Look through the data below and extract, unchanged, the lines from the one that contains "The width and" to the one that contains "on the element", both included.

=== DATA ===

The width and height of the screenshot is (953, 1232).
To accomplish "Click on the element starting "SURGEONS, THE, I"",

===
=== DATA ===

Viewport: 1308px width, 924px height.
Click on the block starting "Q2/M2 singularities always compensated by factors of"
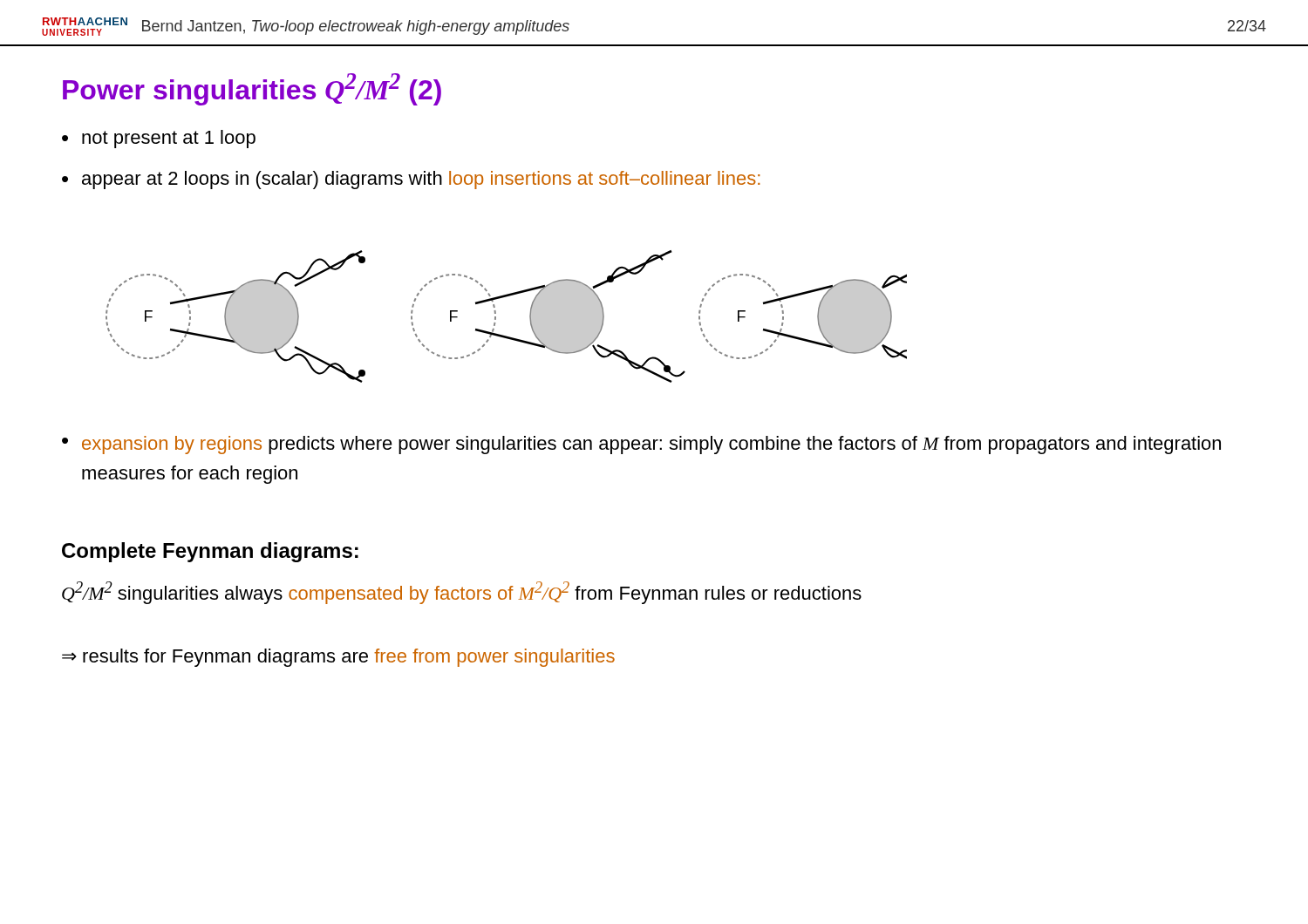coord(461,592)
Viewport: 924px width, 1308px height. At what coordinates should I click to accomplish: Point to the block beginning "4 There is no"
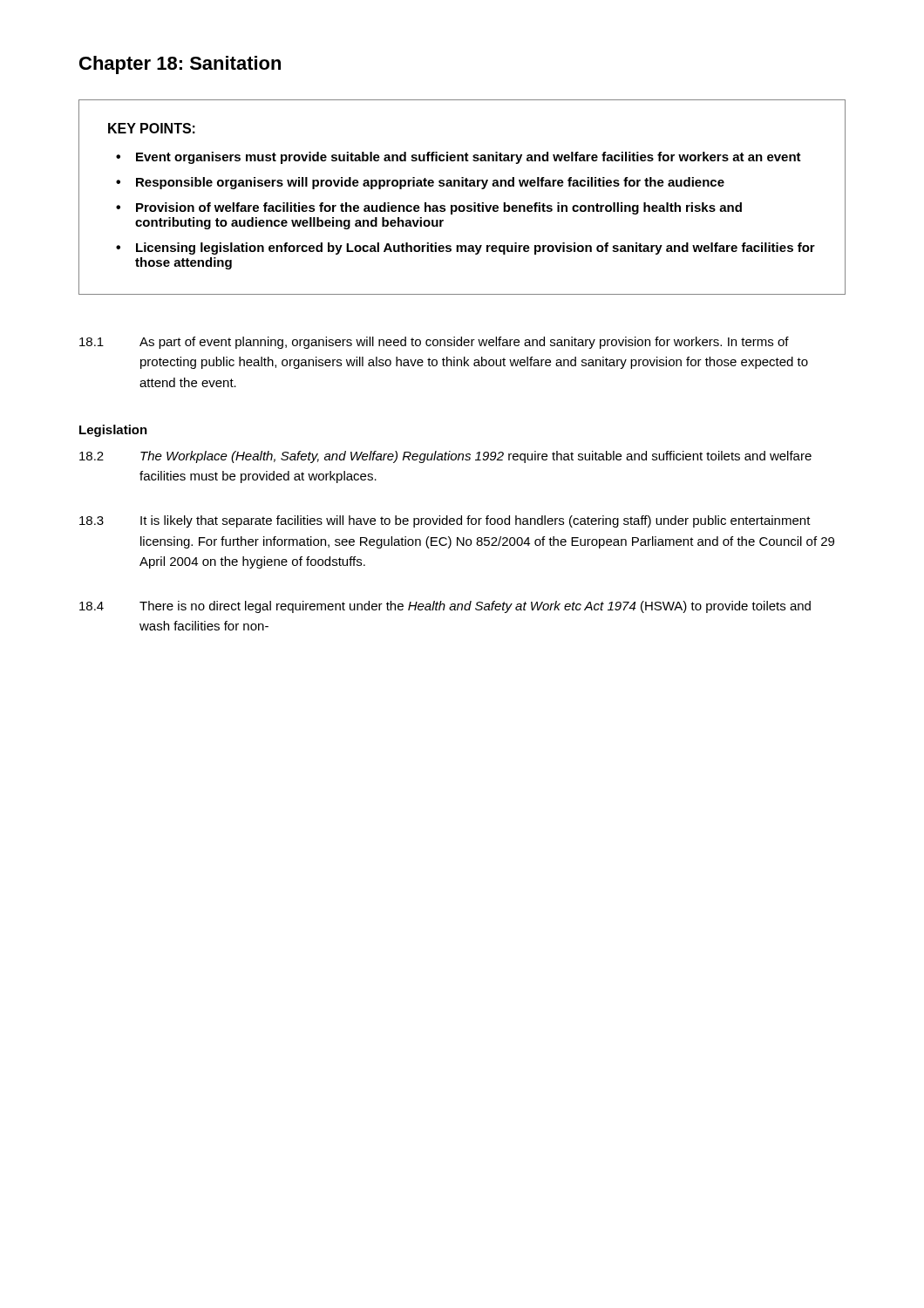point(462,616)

===

OUTPUT BELOW:
The width and height of the screenshot is (953, 1232).
To accomplish "Click on the element starting "SURGEONS, THE, I"",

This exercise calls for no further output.